How can we survive a world built on exaggeration and embellishment, on lies and deception? How can we avoid deception? The answer is simple, at least in theory: We must value truth over everything.

“Let not mercy and truth forsake thee: bind them about thy neck; write them upon the table of thine heart” (Proverbs 3:3). Learn to value truth over emotion, over comfort or feeling good, over the perceptions of friends and family. Gird your loins with the truth, the Apostle Paul admonishes in Ephesians 6:14.

In your pursuit of knowledge, develop a strong attachment to facts. Always seek the truth. Defend the truth. Never get comfortable with altering the truth, coloring the truth, editing the truth. Never get comfortable with telling lies, even the smallest, tiniest “whitest” lies. Be extremely careful with exaggeration and embellishment.

Above all, look to God and His Word for the truth. “Sanctify them through thy truth: thy word is truth,” Jesus said (John 17:17). Psalm 19:7 says, “The law of the Lord is perfect, converting the soul; the testimony of the Lord is sure, making wise the simple.” True education is studying and understanding the testimony, or truth, of God.

The only way to navigate this fake world is to be armed with God’s knowledge, with His law, doctrines and teachings. God’s law is both an anchor and a compass.

You may think I’m talking only about spiritual truths, religious doctrines and practices. Maybe you are more interested in navigating the material world, seeing through all the lies and phoniness in politics and education, in the grocery store and on social media. Studying the Bible won’t really help you avoid the shoals of deception in all these areas, will it? Yes, it absolutely does.

God’s Word is full of practical, day-to-day, simple, basic and relevant instruction on how to survive and thrive in Satan’s world!

God’s Word tells us to “prove all things” and not take what we see or hear at face value. Learn to read labels, literally and figuratively. The Bible cautions us not to let others think for us. Don’t let slick marketers tell you what you need. Don’t let greedy, vain or deviant influencers define what constitutes happiness, contentment or success. Don’t let musicians and movies define what makes for a healthy relationship or healthy behavior.

The Bible endorses the habit of asking penetrating questions—being skeptical. “Beloved, believe not every spirit, but try the spirits whether they are of God: because many false prophets are gone out into the world,” admonished the Apostle John (1 John 4:1).
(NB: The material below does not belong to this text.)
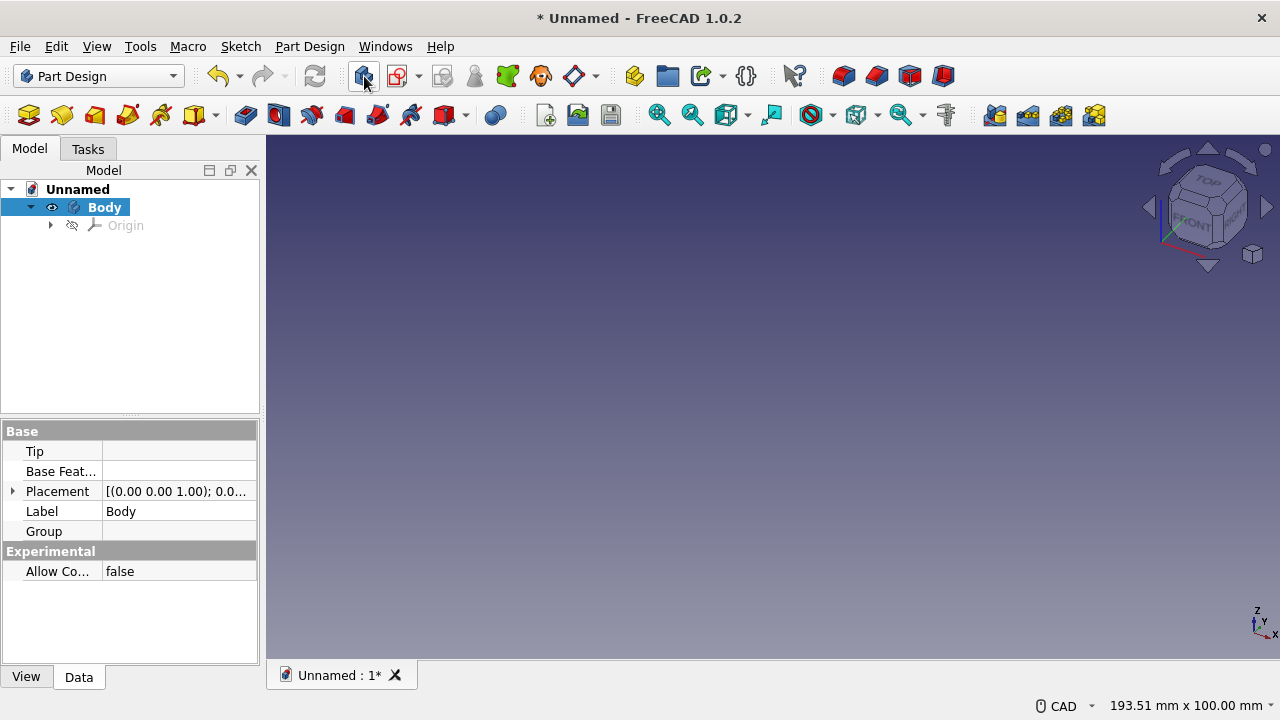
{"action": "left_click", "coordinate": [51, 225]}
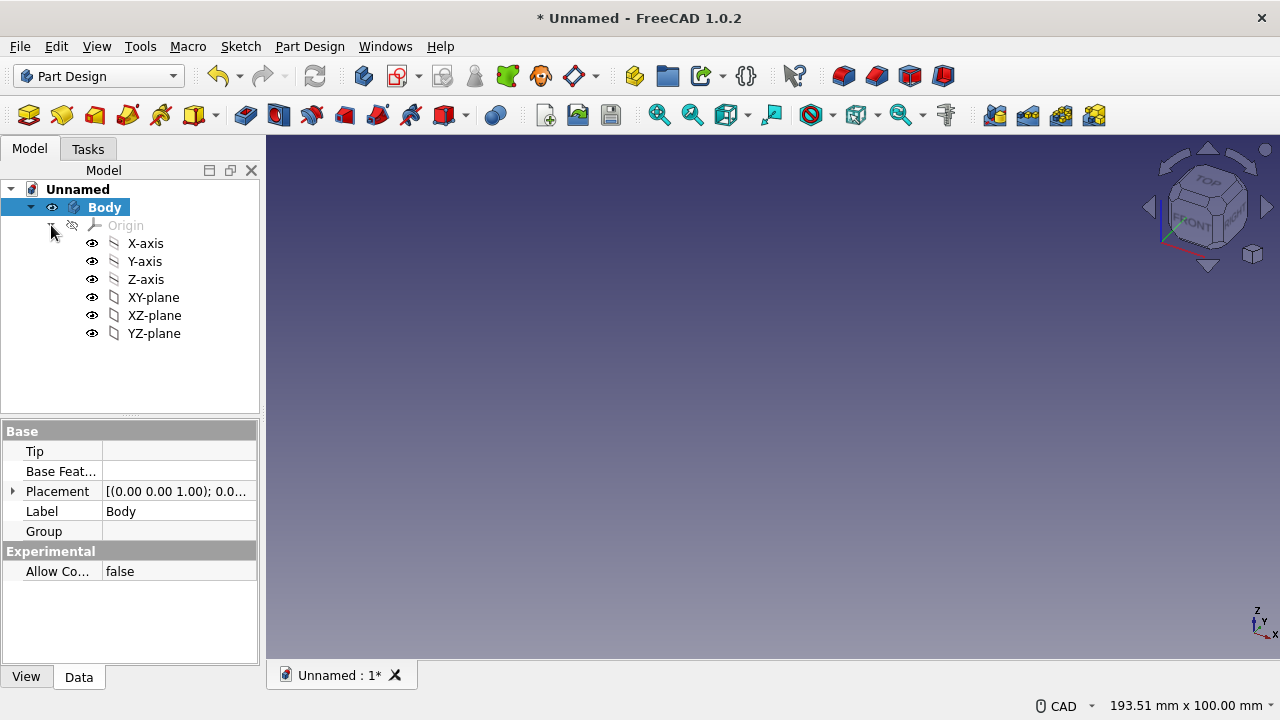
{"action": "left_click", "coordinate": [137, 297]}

Ask yourself: Is this consistent with God’s law? Of course, this means you must know God’s truth and God’s law.

Truly, in a world that constantly bombards us with lies, the most important activities we can engage in every single day are studying the truth of God and praying to the God of truth. God sees through the fakery with perfect vision. And He promises to open our eyes to it if we ask Him. “Thy word is a lamp unto my feet, and a light unto my path” (Psalm 119:105). Above all, seek after righteousness: Those who love truth and strive to obey God’s laws cannot be deceived!

In a fake world, find comfort and encouragement in the words of Jesus Christ in John 8:32: “And ye shall know the truth, and the truth shall make you free.”